Так и служил нам этот кабель верно до конца обороны острова.
— Я прибыл на полуостров Ханко в июне и служил водителем тягача ЗИС-ЗЗ в 204-й артиллерийской дивизии, — рассказывает рядовой Григорий Иванович Зубко, который живет сегодня на Полтавщине.— Батарея наша стояла на возвышенности у деревни Сюндальен, в трехстах метрах от берега залива. В домиках уже не хватало места, и мы стали строить землянки. Освещением служили керосиновые лампы, а кое-где и коптилки, сделанные из гильз. Электростанции не было. Но я обнаружил у нас на батарее неисправный движок с генератором. Решил я его в свободное время отремонтировать — опыт с гражданки пригодился. Движок заработал. От командования я получил благодарность и премию.
На гражданке кем только не приходилось быть — трактористом, шофером, кузнецом, киномехаником… Даже закончил до войны музыкальную школу. Вообще деревенский опыт — хороший опыт, никогда не знаешь, что и где из него пригодится…
Помню я, такая история была на Гангуте. Как только наши повара начинали варить обед, враг по дыму засекал походную кухню и начинал обстрел. Трудное создалось положение. Бывало, по три дня сидели голодными…
Я поехал на машине в город и снял с домов старые водосточные трубы. Сделал из них два загнутых колена, приладил к трубе походной кухни. После этого дым шел по трубам, охлаждался и уже не поднимался в небо столбом, а стелился по всей округе. Противник больше не мог вести прицельный огонь, и мы стали обедать по-человечески…
— С начала войны бойцы взвода полковой разведки обороняли участок береговой линии морской границы,— вспоминает Николай Иванович Кича из Конотопа.— Напротив того участка, метрах в пятистах, была группа островов, занятых противником. Пока не наступили холода, вся оборона велась по правилам фортификационной науки. Траншея, вырытая по передней линии обороны, соединяла пулеметные точки, а в тыл шли извилистые ходы сообщений.
В ноябре ударили морозы. Прибрежную полосу на несколько сот метров сковало льдом. Наша сухопутная граница как бы выдвинулась далеко вперед, а «ничейная» полоса воды резко сузилась — того и гляди, по льду придут непрошеные гости.
Стали выдвигать далеко вперед боевое охранение. Разведчики выходили на пункт наблюдения по ночам — днем враг сразу засекал их. Морозы крепчали, и разведчикам приходилось туго. Бывало, лежишь пластом на льду и чувствуешь, как руки и ноги уменьшаются в размерах — то медленно застывает кровь в кончиках пальцев.

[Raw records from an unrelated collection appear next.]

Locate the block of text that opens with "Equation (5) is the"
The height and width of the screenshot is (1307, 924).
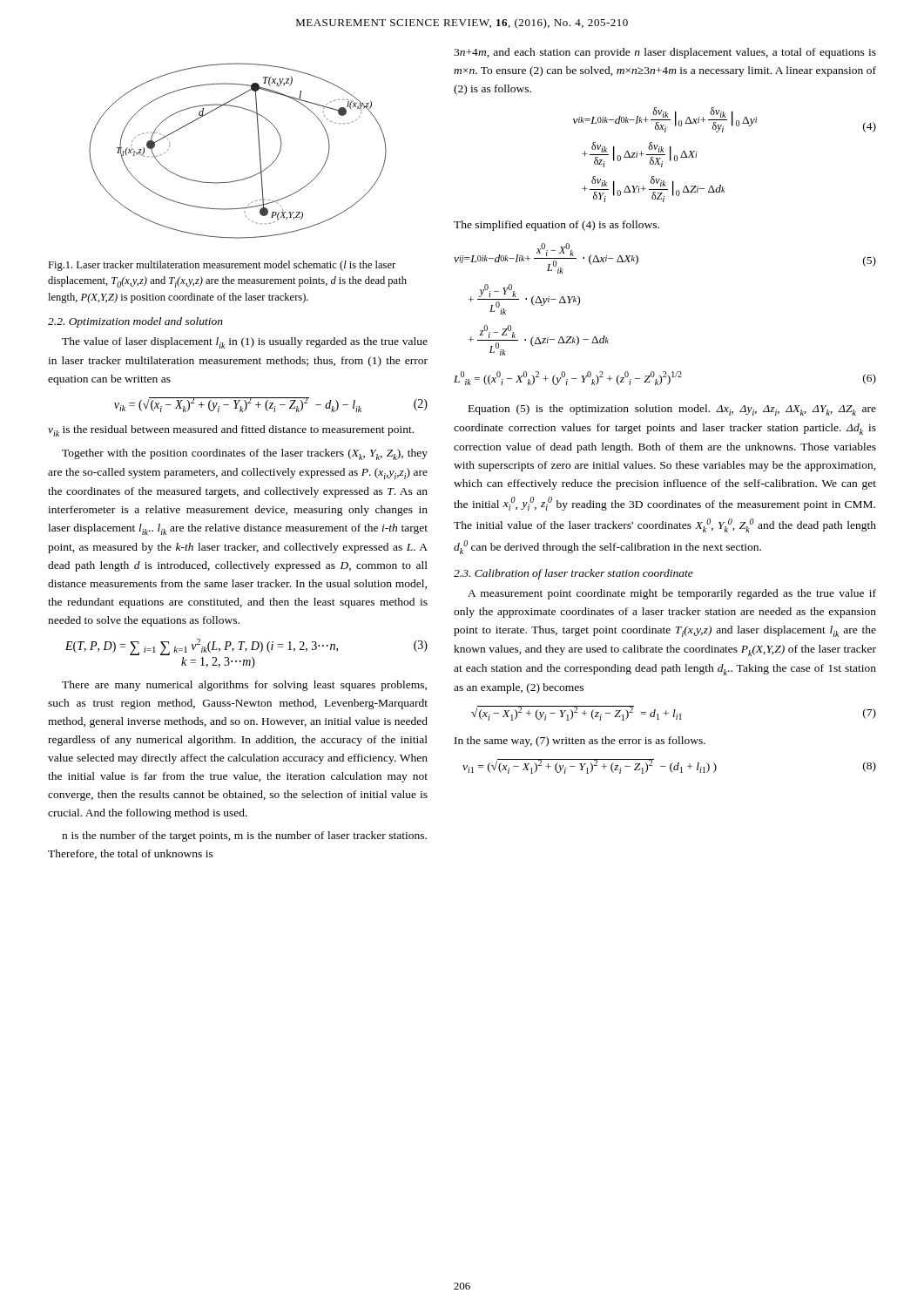[665, 478]
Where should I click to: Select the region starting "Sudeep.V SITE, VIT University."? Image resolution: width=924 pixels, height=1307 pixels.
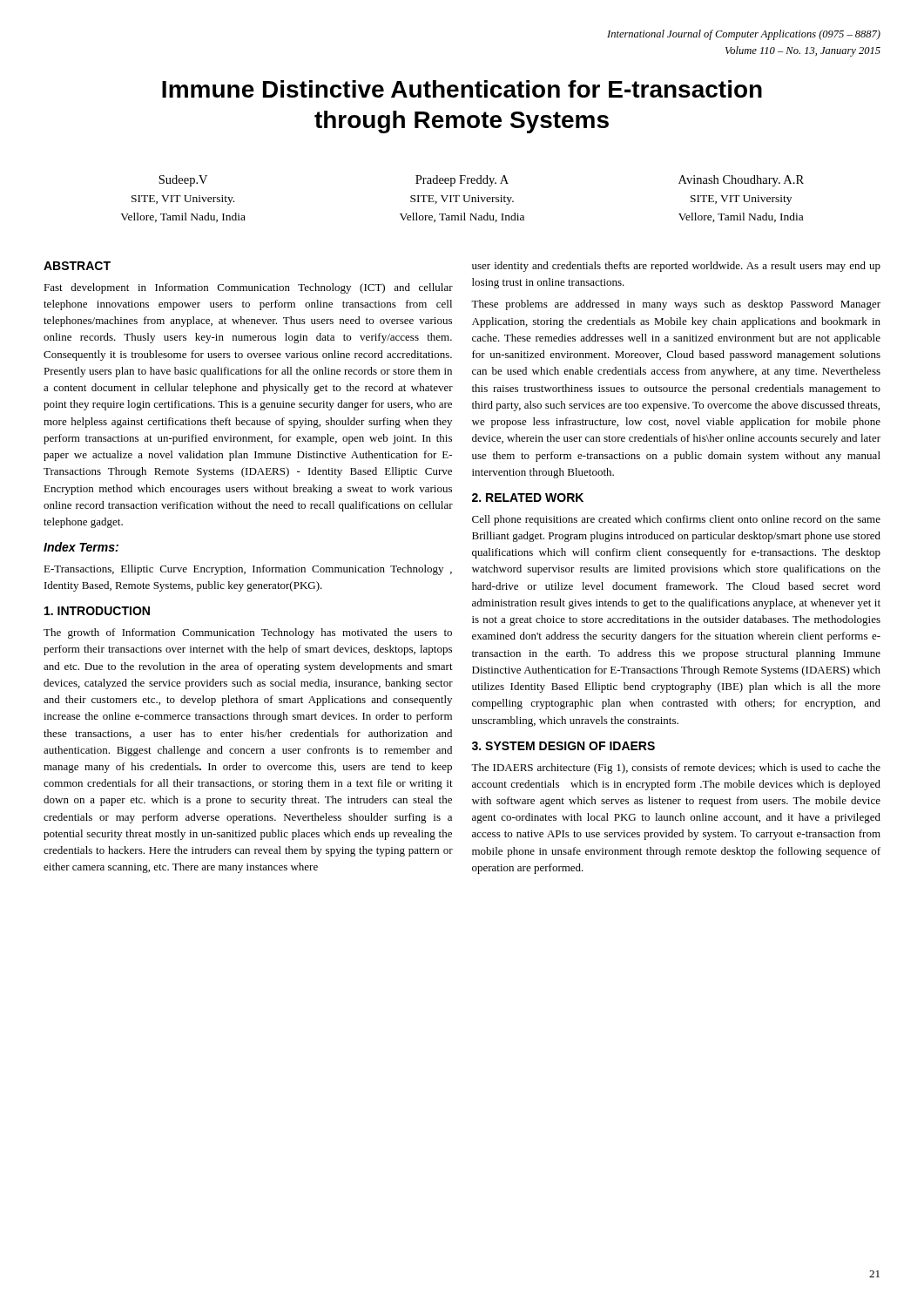tap(183, 198)
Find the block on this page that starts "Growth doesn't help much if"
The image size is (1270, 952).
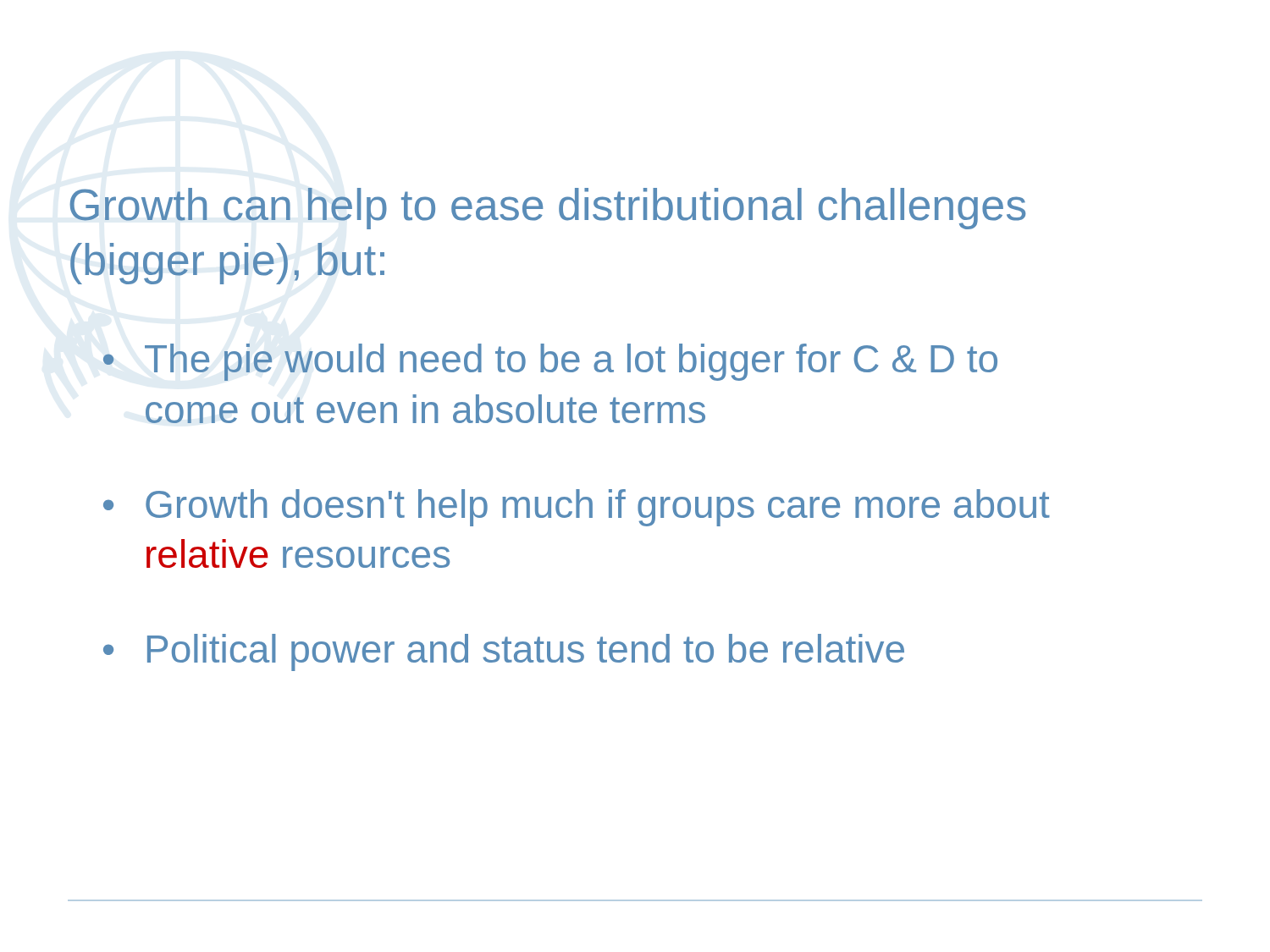(597, 529)
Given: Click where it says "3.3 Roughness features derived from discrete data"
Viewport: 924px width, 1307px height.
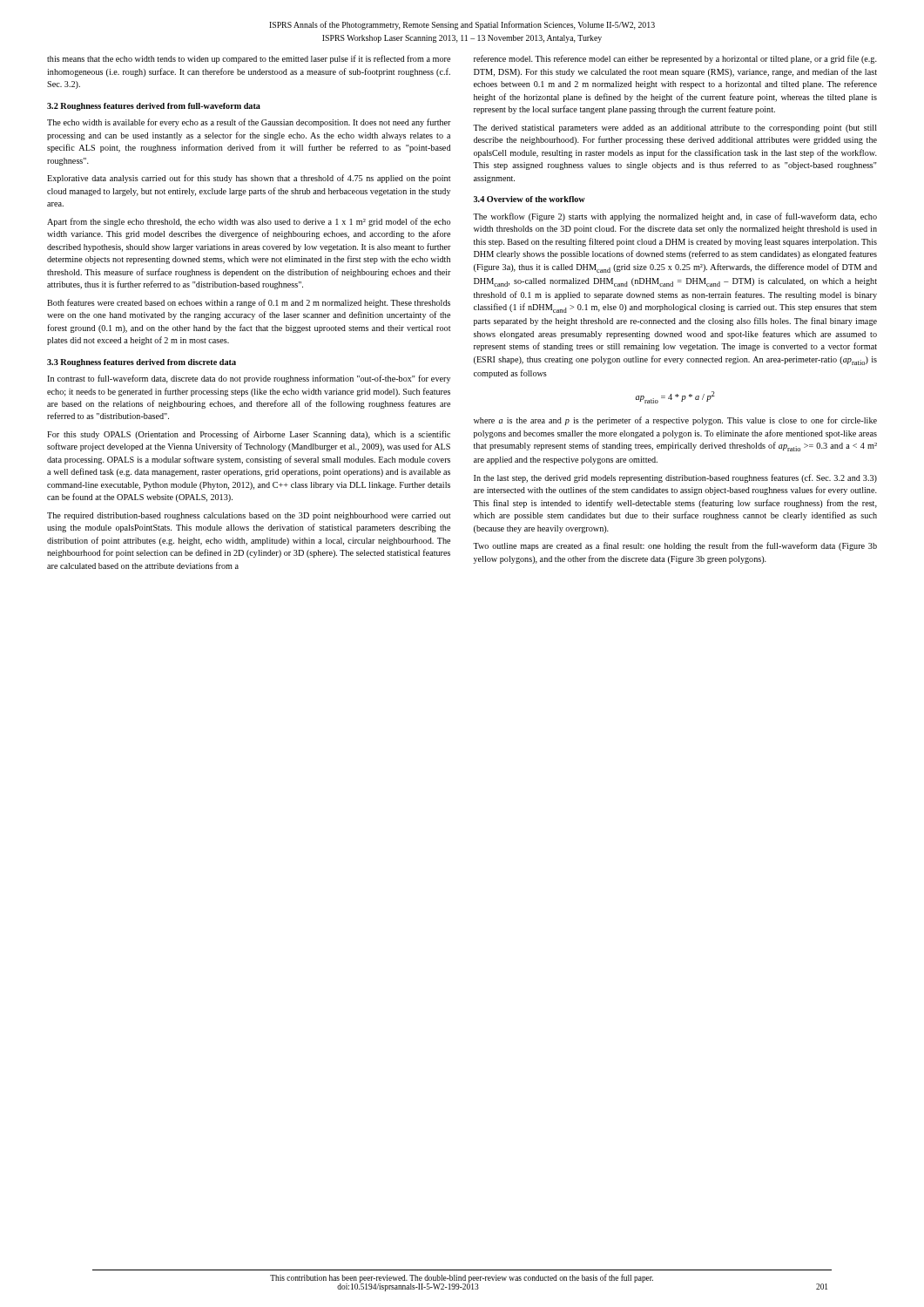Looking at the screenshot, I should point(142,362).
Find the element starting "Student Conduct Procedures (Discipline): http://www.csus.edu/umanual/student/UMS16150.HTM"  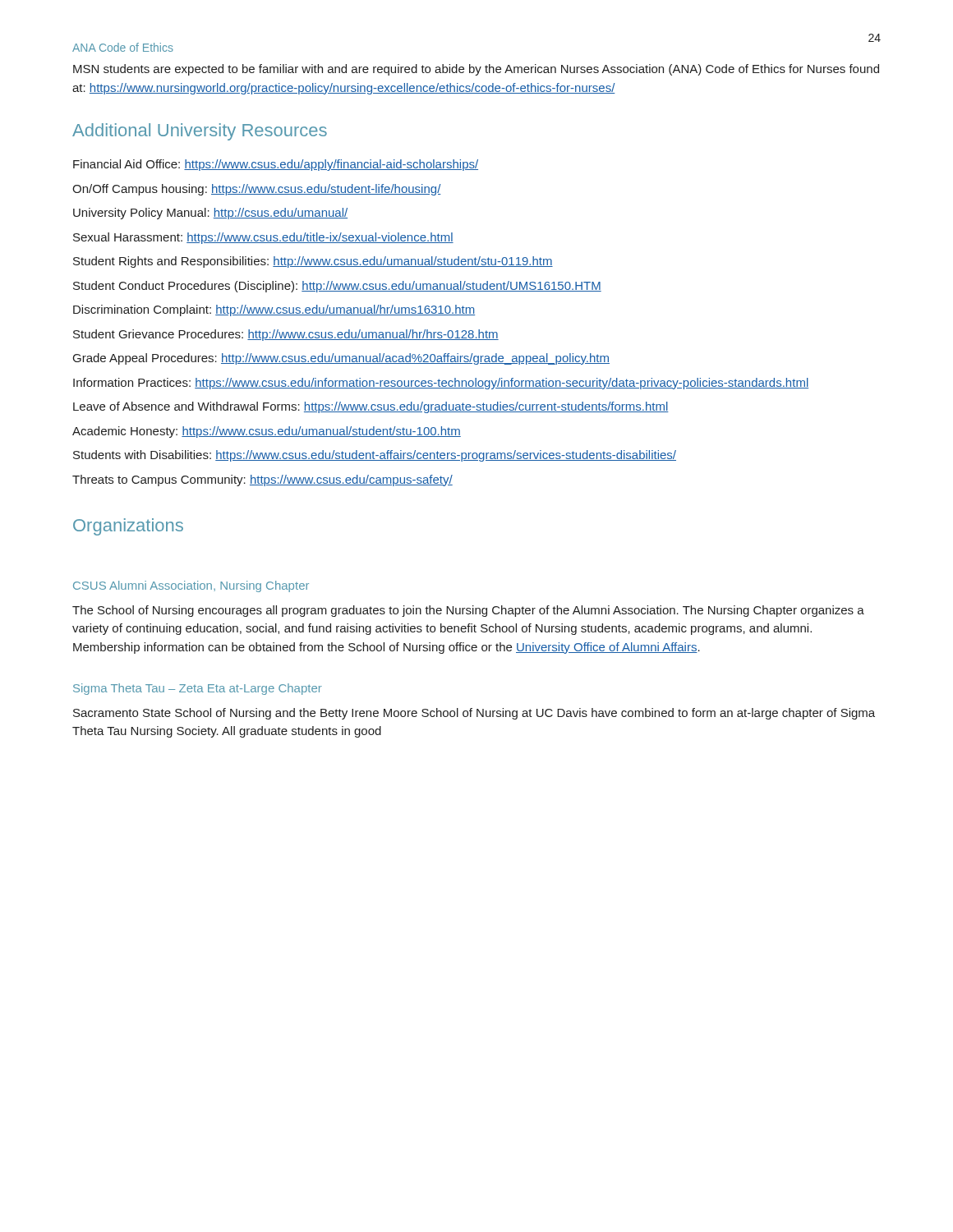(337, 285)
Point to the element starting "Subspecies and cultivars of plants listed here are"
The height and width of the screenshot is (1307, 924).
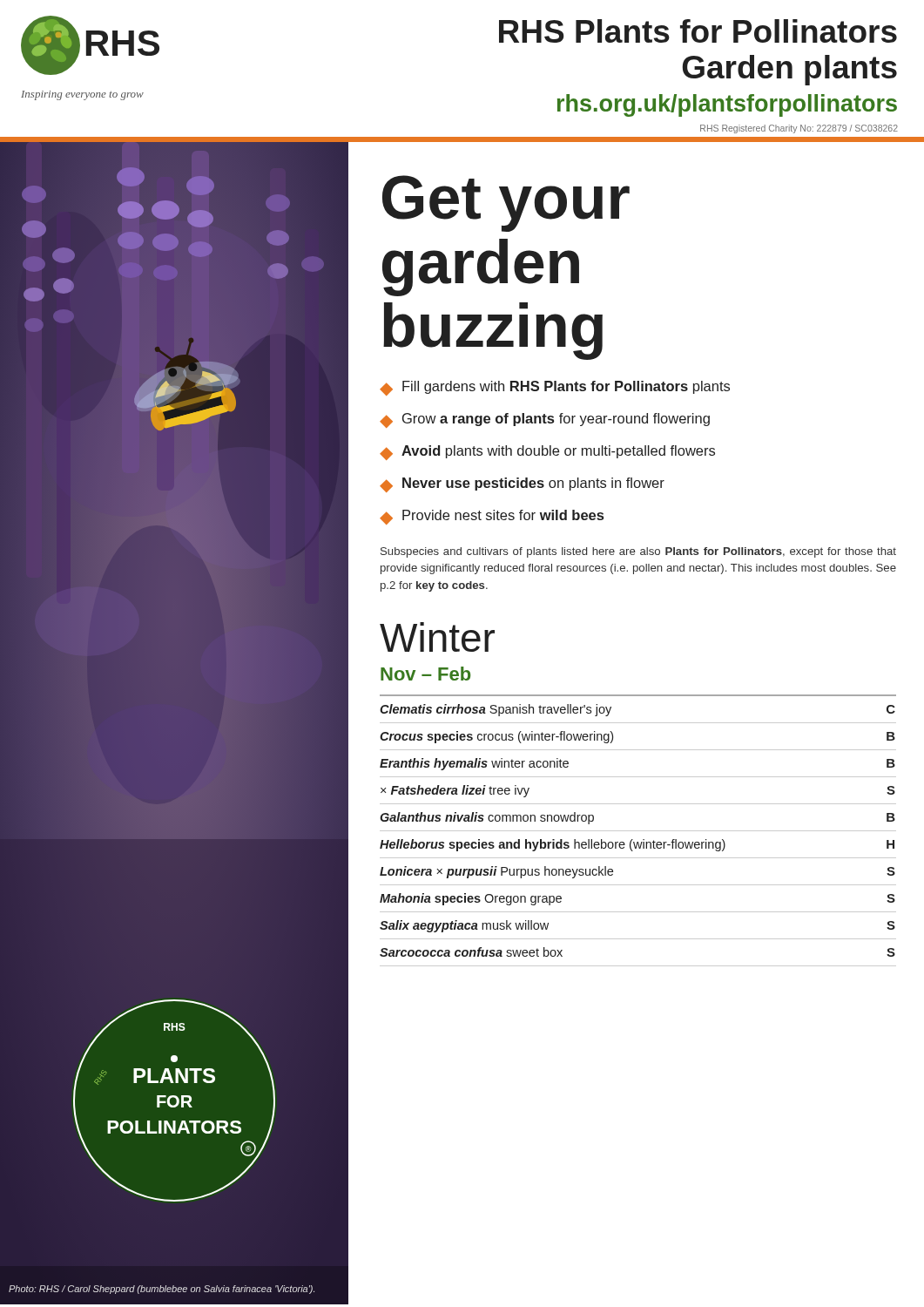coord(638,568)
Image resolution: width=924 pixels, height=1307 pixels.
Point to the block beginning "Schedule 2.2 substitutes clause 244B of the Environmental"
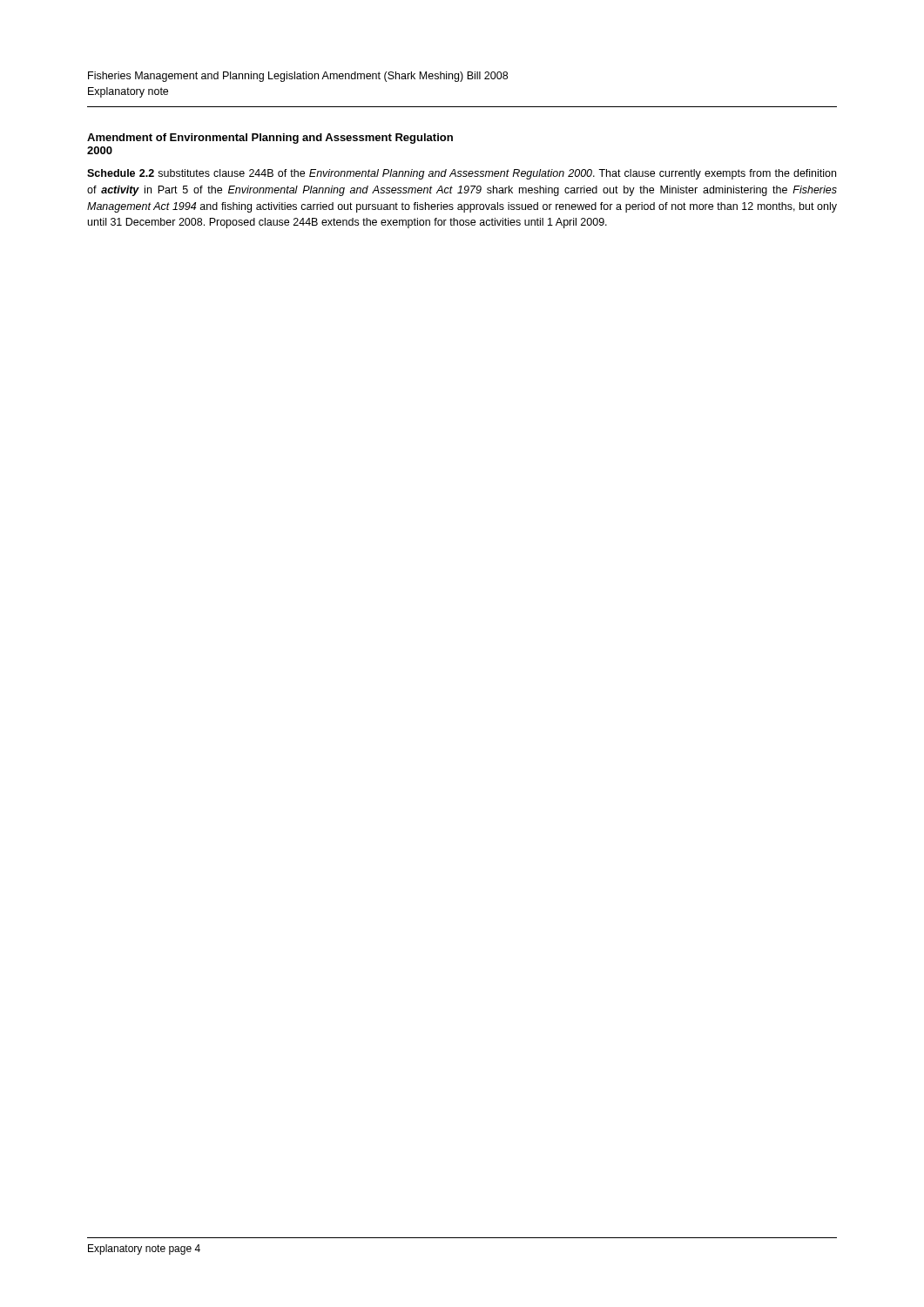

И, как обычно бывает, удачная мысль пришла неожиданно.
Еще осенью на кухню привезли в бочках соленую треску. Бойцы быстро справились с ней, бочки опустели. Сложили их в кустах, недалеко от кухни.
Вот и решили мы те бочки приспособить для военной службы. Наладили покрепче обручи, залили бочки водой и, когда они разбухли и перестали протекать, укрепили их дополнительно досками, чтобы лед не раздавил. По линии охранения разведчики продолбили ночью с большой предосторожностью проруби, на лыжах-волокушах подтащили бочки. Нагрузили камнями и опустили в прорубь.
Через пару дней бочки надежно вмерзли в лед. Камни из них вынули и положили рядом — получился гарный окопчик! Хлопцы шутили, что осталось только между окопчиками ходы сообщений прорыть… Разведчики получили надежное укрытие, а в случае высадки десанта можно было и вести бой.
Интересно, что в Ленинграде такие же ледовые окопы применяли в дивизии, которая охраняла «Дорогу жизни» через Ладогу. Все думаю: может, кто из наших разведчиков воевал в той дивизии?..
— Через два месяца после начала войны Большая земля словно отдалилась от нас,— рассказывает гангутец Исаак Савельевич Айзикович из Киева.— В первую очередь почувствовали это мы, связисты.
До войны и в первые ее годы управление войсками осуществлялось главным образом по телефону. Питался телефонный аппарат от двух элементов. Чтобы сделать вызов, достаточно было напряжения всего в три вольта. Но элементы старели, и связь не срабатывала. Наконец старые элементы питания сели окончательно — помощи ждать было неоткуда.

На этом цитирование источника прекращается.